Analyses have shown voting in Alabama is highly racially polarized – Black voters prefer Democrats while white voters prefer Republicans. So an additional majority-Black district is likely to favor a Democratic congressional candidate in a general election. Kevin McCarthy, the Republican speaker of the House, was in touch with Alabama Republicans while they redrew their map as he prepares to try to hold on to the narrow advantage Republicans have in the US House next year.

The order on Tuesday strikes down a remedial map Alabama Republicans passed earlier this summer after the three-judge panel ruled the congressional plan that the state passed in 2021 violated the Voting Rights Act.

Black people comprise about a quarter of the eligible voting population in Alabama, but they were a majority in only one of the state’s seven congressional districts. Plaintiffs showed it was easy to draw a reasonably configured second majority-Black district that stretched across the Black belt, a rural swath of Black voters in Alabama that is one of the poorest regions in the US. The three-judge panel told the state last year it needed to draw a map that had a second-majority Black district “or something quite close to it”. The US supreme court agreed in June.

But Alabama lawmakers did not appear to make much of an effort to comply with the ruling. The new map they enacted still had one majority-Black district and a second one that was only about 41% Black.

“We are disturbed by the evidence that the state delayed remedial proceedings but ultimately did not even nurture the ambition to provide the required remedy,” the three-judge panel wrote on Tuesday. “And we are struck by the extraordinary circumstance we face.

“We are not aware of any other case in which a state legislature – faced with a federal court order declaring that its electoral plan unlawfully dilutes minority votes and requiring a plan that provides an additional opportunity district – responded with a plan that the state concedes does not provide that district.”

The decision was unanimous from Stanley Marcus, an appellate judge on the 11th circuit, as well as US district judges Anna Manasco and Terry Moorer. Marcus was appointed by President Bill Clinton while Manasco and Moorer were appointed by Donald Trump.

“Once again, Alabama has openly defied our laws in order to disenfranchise Black voters. Thankfully, the district court has rejected Alabama’s defiance. The court has once again confirmed that Black voters deserve two opportunity districts.
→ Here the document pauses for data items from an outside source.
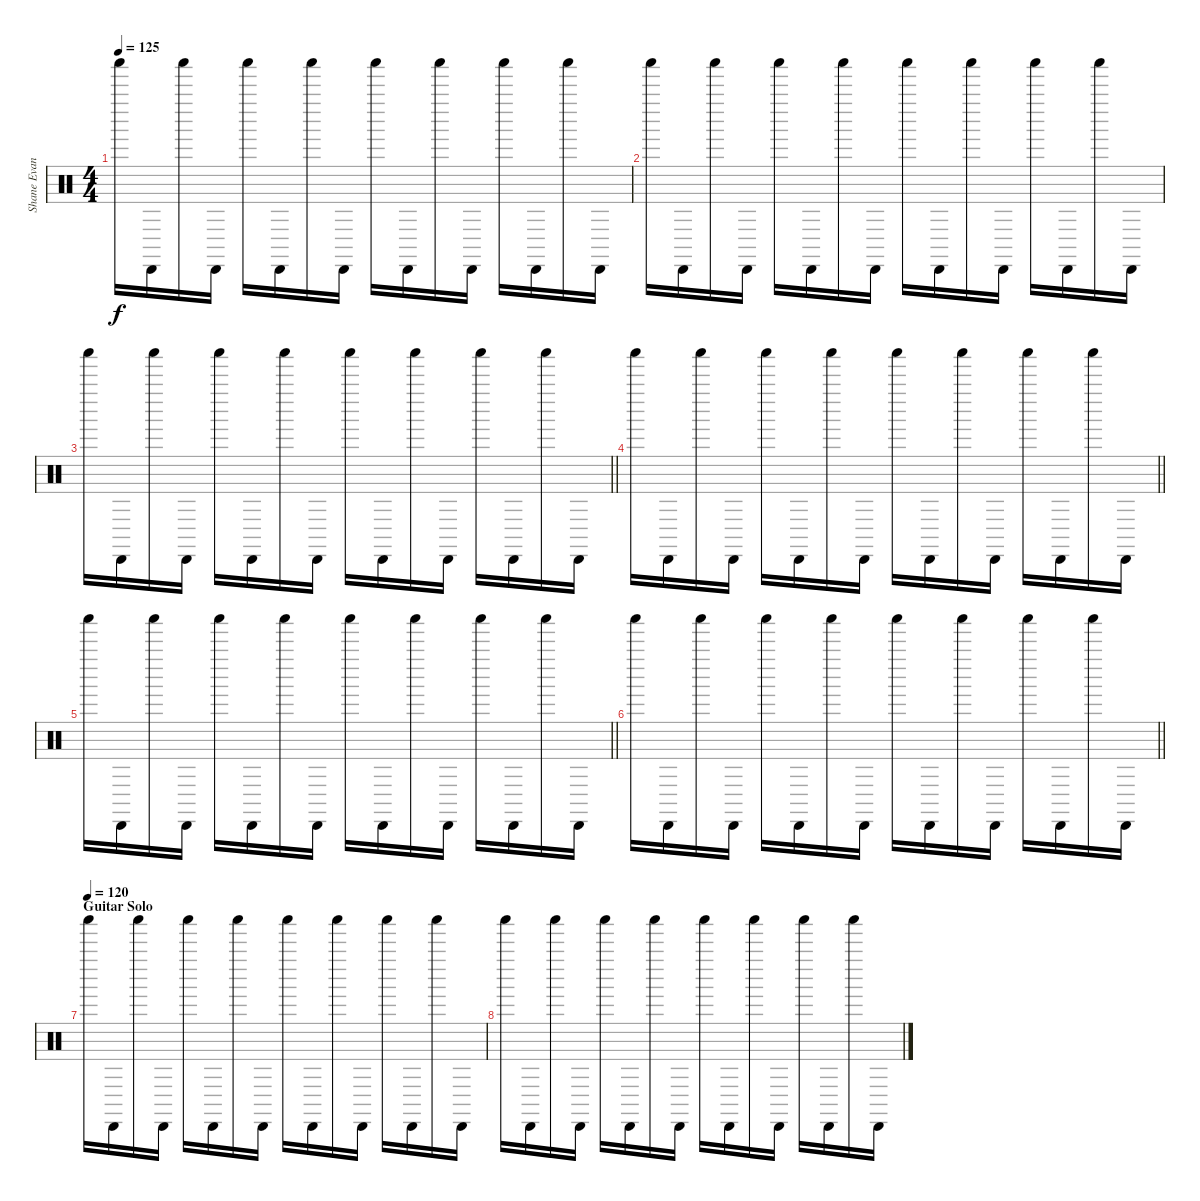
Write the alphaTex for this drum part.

\track ("Shane Evans" "Shane Evan") {instrument percussion}
\staff {score}
\articulation defaults
\ts (4 4)
\tempo 125
\clef neutral
\ks c "Shaker (hit)".16{dy f} "Cabasa (hit)".16 "Shaker (hit)".16 "Cabasa (hit)".16 "Shaker (hit)".16 "Cabasa (hit)".16 "Shaker (hit)".16 "Cabasa (hit)".16 "Shaker (hit)".16 "Cabasa (hit)".16 "Shaker (hit)".16 "Cabasa (hit)".16 "Shaker (hit)".16 "Cabasa (hit)".16 "Shaker (hit)".16 "Cabasa (hit)".16
|
"Shaker (hit)".16 "Cabasa (hit)".16 "Shaker (hit)".16 "Cabasa (hit)".16 "Shaker (hit)".16 "Cabasa (hit)".16 "Shaker (hit)".16 "Cabasa (hit)".16 "Shaker (hit)".16 "Cabasa (hit)".16 "Shaker (hit)".16 "Cabasa (hit)".16 "Shaker (hit)".16 "Cabasa (hit)".16 "Shaker (hit)".16 "Cabasa (hit)".16 |
\barLineRight lightlight "Shaker (hit)".16 "Cabasa (hit)".16 "Shaker (hit)".16 "Cabasa (hit)".16 "Shaker (hit)".16 "Cabasa (hit)".16 "Shaker (hit)".16 "Cabasa (hit)".16 "Shaker (hit)".16 "Cabasa (hit)".16 "Shaker (hit)".16 "Cabasa (hit)".16 "Shaker (hit)".16 "Cabasa (hit)".16 "Shaker (hit)".16 "Cabasa (hit)".16
|
\barLineRight lightlight "Shaker (hit)".16 "Cabasa (hit)".16 "Shaker (hit)".16 "Cabasa (hit)".16 "Shaker (hit)".16 "Cabasa (hit)".16 "Shaker (hit)".16 "Cabasa (hit)".16 "Shaker (hit)".16 "Cabasa (hit)".16 "Shaker (hit)".16 "Cabasa (hit)".16 "Shaker (hit)".16 "Cabasa (hit)".16 "Shaker (hit)".16 "Cabasa (hit)".16
|
\barLineRight lightlight "Shaker (hit)".16 "Cabasa (hit)".16 "Shaker (hit)".16 "Cabasa (hit)".16 "Shaker (hit)".16 "Cabasa (hit)".16 "Shaker (hit)".16 "Cabasa (hit)".16 "Shaker (hit)".16 "Cabasa (hit)".16 "Shaker (hit)".16 "Cabasa (hit)".16 "Shaker (hit)".16 "Cabasa (hit)".16 "Shaker (hit)".16 "Cabasa (hit)".16
|
\barLineRight lightlight "Shaker (hit)".16 "Cabasa (hit)".16 "Shaker (hit)".16 "Cabasa (hit)".16 "Shaker (hit)".16 "Cabasa (hit)".16 "Shaker (hit)".16 "Cabasa (hit)".16 "Shaker (hit)".16 "Cabasa (hit)".16 "Shaker (hit)".16 "Cabasa (hit)".16 "Shaker (hit)".16 "Cabasa (hit)".16 "Shaker (hit)".16 "Cabasa (hit)".16
|
\section ("" "Guitar Solo")
\tempo (120)
"Shaker (hit)".16 "Cabasa (hit)".16 "Shaker (hit)".16 "Cabasa (hit)".16 "Shaker (hit)".16 "Cabasa (hit)".16 "Shaker (hit)".16 "Cabasa (hit)".16 "Shaker (hit)".16 "Cabasa (hit)".16 "Shaker (hit)".16 "Cabasa (hit)".16 "Shaker (hit)".16 "Cabasa (hit)".16 "Shaker (hit)".16 "Cabasa (hit)".16 |
"Shaker (hit)".16 "Cabasa (hit)".16 "Shaker (hit)".16 "Cabasa (hit)".16 "Shaker (hit)".16 "Cabasa (hit)".16 "Shaker (hit)".16 "Cabasa (hit)".16 "Shaker (hit)".16 "Cabasa (hit)".16 "Shaker (hit)".16 "Cabasa (hit)".16 "Shaker (hit)".16 "Cabasa (hit)".16 "Shaker (hit)".16 "Cabasa (hit)".16

We look forward to ensuring that the special master draws a map that provides Black voters with the full representation in Congress that they deserve,” said Deuel Ross, an attorney with the NAACP Legal Defense and Educational Fund, that represents some of the challengers in the case, which include Alabama voters and civic action groups.

The court-appointed special master, Richard Allen, a former deputy chief attorney general and commissioner of the Alabama department of corrections. The cartographer is David Ely, a California-based redistricting expert who has advised numerous states and localities on redistricting issues.

The court gave the two men until 25 September to come up with three proposals that “include either an additional majority-Black congressional district, or an additional district in which Black voters otherwise have an opportunity to elect a representative of their choice”. Their proposals must also comply with the Voting Rights Act and other constitutional requirements.

“Sixty years ago, former governor George Wallace stood in the schoolhouse door to stop Black people from desegregating the University of Alabama. He moved only when the federal government forced him to do so. History is repeating itself and the district court’s decision confirms that Alabama is again on the losing side. We demand that Alabama again move out of the way and obey our laws – we demand our voting rights,” groups representing the plaintiffs said in a joint statement.